#### Your instructions:
Below are some records; output exactly the lines from the line with "6. We need section" to the line with "area | 116 mm^2 |", both ends kept, and nothing more.

▶

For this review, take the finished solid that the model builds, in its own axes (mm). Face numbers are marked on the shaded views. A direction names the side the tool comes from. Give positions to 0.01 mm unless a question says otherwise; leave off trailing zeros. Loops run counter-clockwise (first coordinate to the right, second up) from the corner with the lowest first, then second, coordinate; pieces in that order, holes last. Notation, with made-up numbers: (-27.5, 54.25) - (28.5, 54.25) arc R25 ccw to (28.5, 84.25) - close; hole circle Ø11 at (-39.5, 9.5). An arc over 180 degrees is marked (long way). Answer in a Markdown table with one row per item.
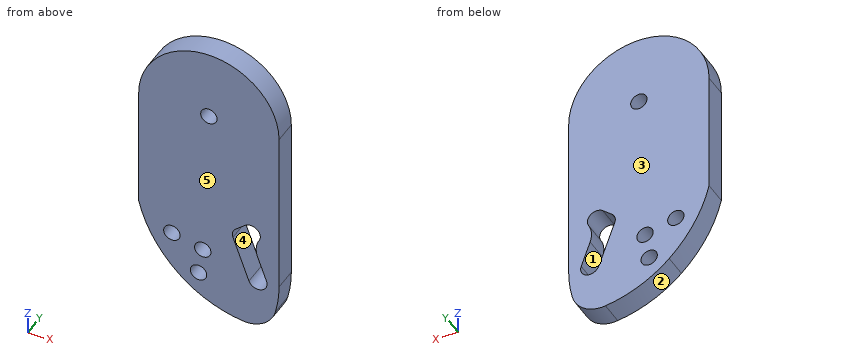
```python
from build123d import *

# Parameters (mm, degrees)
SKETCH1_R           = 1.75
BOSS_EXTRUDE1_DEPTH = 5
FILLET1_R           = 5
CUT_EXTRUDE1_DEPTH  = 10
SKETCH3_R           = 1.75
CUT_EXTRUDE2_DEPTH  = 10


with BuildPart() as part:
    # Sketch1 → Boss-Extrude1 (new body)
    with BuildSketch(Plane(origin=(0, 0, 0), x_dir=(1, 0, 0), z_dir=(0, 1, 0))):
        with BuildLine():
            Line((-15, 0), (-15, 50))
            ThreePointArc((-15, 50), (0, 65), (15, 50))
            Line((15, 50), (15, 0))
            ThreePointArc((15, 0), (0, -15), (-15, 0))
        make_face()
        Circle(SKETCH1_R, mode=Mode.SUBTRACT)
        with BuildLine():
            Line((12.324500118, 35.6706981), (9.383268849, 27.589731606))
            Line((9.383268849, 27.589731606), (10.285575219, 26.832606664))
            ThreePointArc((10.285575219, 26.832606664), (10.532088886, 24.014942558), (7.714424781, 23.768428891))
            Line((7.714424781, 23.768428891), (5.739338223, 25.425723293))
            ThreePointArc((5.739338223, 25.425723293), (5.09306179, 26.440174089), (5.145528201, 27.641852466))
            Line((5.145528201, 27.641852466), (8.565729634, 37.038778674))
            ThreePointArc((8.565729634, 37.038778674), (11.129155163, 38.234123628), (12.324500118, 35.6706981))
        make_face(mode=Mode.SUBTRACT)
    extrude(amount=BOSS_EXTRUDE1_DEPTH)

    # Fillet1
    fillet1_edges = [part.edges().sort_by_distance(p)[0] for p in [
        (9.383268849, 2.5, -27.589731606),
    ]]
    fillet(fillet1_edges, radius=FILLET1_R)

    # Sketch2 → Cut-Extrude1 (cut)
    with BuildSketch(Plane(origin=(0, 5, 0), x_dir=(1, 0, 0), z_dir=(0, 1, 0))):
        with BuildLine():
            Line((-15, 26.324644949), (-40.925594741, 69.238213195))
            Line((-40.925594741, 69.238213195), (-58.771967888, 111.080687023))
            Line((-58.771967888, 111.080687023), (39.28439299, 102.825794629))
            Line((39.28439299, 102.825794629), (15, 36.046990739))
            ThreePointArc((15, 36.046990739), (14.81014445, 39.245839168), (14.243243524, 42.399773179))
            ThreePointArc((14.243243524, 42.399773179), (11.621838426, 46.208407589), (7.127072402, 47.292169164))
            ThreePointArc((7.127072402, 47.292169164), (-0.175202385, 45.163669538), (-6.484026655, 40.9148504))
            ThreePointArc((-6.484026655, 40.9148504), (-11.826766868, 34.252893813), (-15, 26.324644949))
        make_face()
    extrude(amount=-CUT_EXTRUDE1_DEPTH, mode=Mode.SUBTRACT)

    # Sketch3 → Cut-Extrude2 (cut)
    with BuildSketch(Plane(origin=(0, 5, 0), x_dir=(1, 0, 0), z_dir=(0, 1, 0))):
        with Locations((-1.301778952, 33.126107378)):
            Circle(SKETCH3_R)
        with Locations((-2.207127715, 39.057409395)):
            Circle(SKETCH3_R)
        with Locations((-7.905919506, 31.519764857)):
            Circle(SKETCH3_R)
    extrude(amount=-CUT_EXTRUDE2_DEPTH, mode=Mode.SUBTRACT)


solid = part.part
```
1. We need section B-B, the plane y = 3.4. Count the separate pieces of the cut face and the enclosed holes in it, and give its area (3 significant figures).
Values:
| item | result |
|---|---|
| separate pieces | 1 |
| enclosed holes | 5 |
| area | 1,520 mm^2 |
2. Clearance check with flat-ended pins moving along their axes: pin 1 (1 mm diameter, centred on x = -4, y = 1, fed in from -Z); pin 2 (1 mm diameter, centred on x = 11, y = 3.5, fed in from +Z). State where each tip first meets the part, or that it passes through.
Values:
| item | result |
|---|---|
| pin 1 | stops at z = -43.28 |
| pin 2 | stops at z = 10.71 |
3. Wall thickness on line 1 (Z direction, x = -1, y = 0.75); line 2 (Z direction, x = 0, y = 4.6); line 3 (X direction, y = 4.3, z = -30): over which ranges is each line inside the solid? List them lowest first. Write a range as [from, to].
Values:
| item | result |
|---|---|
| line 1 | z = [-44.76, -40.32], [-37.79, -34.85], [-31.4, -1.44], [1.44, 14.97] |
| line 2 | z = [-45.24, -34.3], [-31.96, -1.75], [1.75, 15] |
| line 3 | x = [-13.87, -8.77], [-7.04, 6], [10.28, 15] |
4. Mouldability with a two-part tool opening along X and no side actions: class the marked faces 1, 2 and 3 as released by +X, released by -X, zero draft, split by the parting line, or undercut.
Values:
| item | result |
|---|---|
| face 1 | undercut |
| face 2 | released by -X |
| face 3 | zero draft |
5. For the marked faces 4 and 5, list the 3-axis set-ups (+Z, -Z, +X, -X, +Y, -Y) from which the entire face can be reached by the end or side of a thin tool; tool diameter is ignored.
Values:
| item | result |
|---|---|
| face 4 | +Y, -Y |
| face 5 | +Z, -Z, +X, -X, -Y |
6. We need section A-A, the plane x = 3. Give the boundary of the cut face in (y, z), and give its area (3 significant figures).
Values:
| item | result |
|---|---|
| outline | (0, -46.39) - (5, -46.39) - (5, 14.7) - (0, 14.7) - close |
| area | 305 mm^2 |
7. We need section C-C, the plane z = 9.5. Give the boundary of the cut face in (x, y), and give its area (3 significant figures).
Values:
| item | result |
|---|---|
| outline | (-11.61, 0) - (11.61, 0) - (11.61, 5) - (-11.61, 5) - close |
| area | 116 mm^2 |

◀
▶

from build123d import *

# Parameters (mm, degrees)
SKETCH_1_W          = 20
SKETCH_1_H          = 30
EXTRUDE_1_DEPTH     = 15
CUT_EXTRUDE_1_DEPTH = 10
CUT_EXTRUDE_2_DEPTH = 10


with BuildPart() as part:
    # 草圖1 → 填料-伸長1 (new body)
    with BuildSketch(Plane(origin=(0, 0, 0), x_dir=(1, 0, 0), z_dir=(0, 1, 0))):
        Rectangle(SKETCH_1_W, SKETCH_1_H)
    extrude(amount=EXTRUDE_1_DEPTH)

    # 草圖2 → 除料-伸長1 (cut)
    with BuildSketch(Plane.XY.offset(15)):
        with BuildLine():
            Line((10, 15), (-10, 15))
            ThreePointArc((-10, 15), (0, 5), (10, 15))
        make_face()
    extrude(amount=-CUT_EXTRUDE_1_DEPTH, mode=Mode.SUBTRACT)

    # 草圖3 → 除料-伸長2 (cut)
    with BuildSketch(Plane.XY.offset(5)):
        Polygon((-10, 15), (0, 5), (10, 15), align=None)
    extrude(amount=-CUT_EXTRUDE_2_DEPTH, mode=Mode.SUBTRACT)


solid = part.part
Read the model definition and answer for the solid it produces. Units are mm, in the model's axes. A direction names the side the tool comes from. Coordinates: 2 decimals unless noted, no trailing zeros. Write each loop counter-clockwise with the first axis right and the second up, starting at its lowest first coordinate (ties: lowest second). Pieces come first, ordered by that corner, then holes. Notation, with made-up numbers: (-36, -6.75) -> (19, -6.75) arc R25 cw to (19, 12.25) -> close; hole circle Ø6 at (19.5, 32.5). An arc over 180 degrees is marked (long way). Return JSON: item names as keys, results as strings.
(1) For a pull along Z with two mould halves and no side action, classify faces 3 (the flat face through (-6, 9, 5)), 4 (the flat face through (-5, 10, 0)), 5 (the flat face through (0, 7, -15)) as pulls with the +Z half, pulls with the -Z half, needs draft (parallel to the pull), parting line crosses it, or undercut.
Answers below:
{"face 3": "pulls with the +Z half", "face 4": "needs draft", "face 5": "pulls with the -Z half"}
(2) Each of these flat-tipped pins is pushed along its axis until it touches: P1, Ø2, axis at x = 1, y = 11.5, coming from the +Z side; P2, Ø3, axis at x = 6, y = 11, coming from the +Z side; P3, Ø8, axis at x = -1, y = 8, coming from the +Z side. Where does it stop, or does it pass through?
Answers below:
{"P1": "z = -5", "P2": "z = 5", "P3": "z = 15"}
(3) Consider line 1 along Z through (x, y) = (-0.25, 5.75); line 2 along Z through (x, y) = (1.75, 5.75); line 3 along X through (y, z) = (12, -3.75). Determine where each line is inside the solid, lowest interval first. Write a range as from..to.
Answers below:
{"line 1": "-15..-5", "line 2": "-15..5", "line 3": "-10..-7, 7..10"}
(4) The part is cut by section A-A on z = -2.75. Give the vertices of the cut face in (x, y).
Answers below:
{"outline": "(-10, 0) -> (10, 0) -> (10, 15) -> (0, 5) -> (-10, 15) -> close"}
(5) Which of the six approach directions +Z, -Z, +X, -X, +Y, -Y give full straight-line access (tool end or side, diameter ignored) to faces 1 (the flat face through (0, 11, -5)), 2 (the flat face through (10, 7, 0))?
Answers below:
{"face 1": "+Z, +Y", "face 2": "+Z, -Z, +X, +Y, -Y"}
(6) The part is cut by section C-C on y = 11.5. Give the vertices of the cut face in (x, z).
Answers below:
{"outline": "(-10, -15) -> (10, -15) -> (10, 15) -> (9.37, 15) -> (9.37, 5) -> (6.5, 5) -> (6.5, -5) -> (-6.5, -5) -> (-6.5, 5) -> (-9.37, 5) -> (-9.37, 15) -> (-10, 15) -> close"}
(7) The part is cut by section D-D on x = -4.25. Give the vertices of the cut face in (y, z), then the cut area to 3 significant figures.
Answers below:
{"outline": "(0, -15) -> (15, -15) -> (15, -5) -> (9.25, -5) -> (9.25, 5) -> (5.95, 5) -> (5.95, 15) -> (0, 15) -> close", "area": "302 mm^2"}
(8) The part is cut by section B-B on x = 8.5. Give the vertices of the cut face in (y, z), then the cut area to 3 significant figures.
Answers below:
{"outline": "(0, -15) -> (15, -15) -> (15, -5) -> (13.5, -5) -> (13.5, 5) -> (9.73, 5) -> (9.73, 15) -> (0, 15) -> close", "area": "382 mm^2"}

◀
▶

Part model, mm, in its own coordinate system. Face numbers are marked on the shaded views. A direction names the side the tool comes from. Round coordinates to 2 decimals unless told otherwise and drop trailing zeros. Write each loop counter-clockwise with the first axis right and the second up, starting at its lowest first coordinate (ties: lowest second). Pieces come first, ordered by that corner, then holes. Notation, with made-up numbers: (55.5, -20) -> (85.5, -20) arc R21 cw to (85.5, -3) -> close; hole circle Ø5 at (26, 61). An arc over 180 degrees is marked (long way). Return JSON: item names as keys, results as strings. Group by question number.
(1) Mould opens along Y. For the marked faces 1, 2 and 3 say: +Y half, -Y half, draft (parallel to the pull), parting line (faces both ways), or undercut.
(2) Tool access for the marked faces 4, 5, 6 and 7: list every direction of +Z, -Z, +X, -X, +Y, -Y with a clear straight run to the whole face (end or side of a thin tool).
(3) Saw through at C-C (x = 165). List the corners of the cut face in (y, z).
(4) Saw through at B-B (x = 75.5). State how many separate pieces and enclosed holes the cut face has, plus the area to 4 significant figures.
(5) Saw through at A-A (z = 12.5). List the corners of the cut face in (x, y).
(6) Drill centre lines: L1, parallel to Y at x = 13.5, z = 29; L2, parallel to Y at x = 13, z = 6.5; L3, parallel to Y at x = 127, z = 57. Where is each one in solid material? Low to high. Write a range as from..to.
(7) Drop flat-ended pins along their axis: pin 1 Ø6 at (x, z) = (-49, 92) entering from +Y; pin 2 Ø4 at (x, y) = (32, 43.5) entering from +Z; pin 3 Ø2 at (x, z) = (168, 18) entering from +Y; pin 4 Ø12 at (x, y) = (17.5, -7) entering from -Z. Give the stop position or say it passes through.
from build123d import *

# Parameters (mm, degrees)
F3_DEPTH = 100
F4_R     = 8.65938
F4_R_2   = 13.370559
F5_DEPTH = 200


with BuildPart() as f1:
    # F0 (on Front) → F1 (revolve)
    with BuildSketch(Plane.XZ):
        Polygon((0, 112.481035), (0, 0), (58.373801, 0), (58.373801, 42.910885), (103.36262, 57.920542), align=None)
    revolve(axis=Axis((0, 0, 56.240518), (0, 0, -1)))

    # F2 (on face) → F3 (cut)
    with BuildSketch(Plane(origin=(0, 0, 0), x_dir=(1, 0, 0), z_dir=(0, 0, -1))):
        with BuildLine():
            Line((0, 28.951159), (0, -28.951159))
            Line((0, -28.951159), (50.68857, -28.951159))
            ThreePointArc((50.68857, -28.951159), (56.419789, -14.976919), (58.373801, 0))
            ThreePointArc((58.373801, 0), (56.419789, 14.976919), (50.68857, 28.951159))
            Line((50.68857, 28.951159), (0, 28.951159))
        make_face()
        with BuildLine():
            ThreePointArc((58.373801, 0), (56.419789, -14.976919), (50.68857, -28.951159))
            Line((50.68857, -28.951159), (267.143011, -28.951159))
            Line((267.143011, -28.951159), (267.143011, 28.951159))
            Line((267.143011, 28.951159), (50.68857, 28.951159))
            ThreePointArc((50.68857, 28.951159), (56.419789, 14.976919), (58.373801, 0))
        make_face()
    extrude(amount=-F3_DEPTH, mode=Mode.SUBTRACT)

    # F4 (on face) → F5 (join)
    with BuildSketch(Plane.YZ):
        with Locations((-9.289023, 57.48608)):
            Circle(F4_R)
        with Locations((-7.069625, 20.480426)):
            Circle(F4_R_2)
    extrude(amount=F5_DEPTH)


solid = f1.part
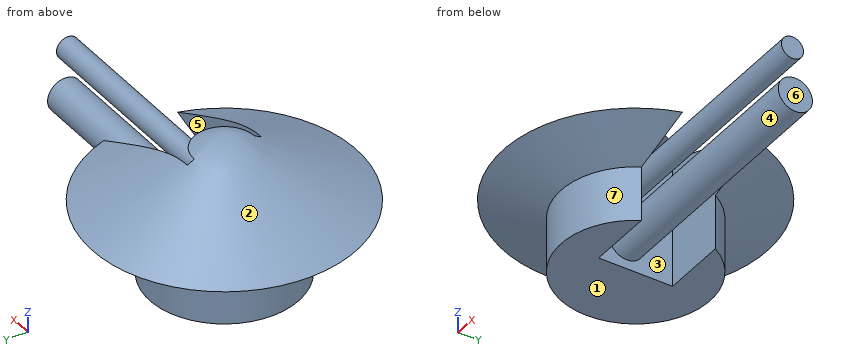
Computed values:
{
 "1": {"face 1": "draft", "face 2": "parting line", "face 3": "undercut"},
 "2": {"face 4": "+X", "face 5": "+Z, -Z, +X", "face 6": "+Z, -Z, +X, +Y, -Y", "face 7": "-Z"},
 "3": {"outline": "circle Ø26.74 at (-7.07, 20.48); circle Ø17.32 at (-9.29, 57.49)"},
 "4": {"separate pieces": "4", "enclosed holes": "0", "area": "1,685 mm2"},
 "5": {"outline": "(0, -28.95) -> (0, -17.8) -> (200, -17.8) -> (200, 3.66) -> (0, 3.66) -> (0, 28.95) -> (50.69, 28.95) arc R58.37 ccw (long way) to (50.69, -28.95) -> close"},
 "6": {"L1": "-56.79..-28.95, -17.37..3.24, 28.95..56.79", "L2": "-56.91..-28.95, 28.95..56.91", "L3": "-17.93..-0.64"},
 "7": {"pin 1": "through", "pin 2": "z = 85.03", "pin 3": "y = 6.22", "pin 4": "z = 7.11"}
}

◀

#### Response box:
6. We need section A-A, the plane x = 3. Give the boundary of the cut face in (y, z), and give its area (3 significant figures).
Values:
| item | result |
|---|---|
| outline | (0, -46.39) - (5, -46.39) - (5, 14.7) - (0, 14.7) - close |
| area | 305 mm^2 |
7. We need section C-C, the plane z = 9.5. Give the boundary of the cut face in (x, y), and give its area (3 significant figures).
Values:
| item | result |
|---|---|
| outline | (-11.61, 0) - (11.61, 0) - (11.61, 5) - (-11.61, 5) - close |
| area | 116 mm^2 |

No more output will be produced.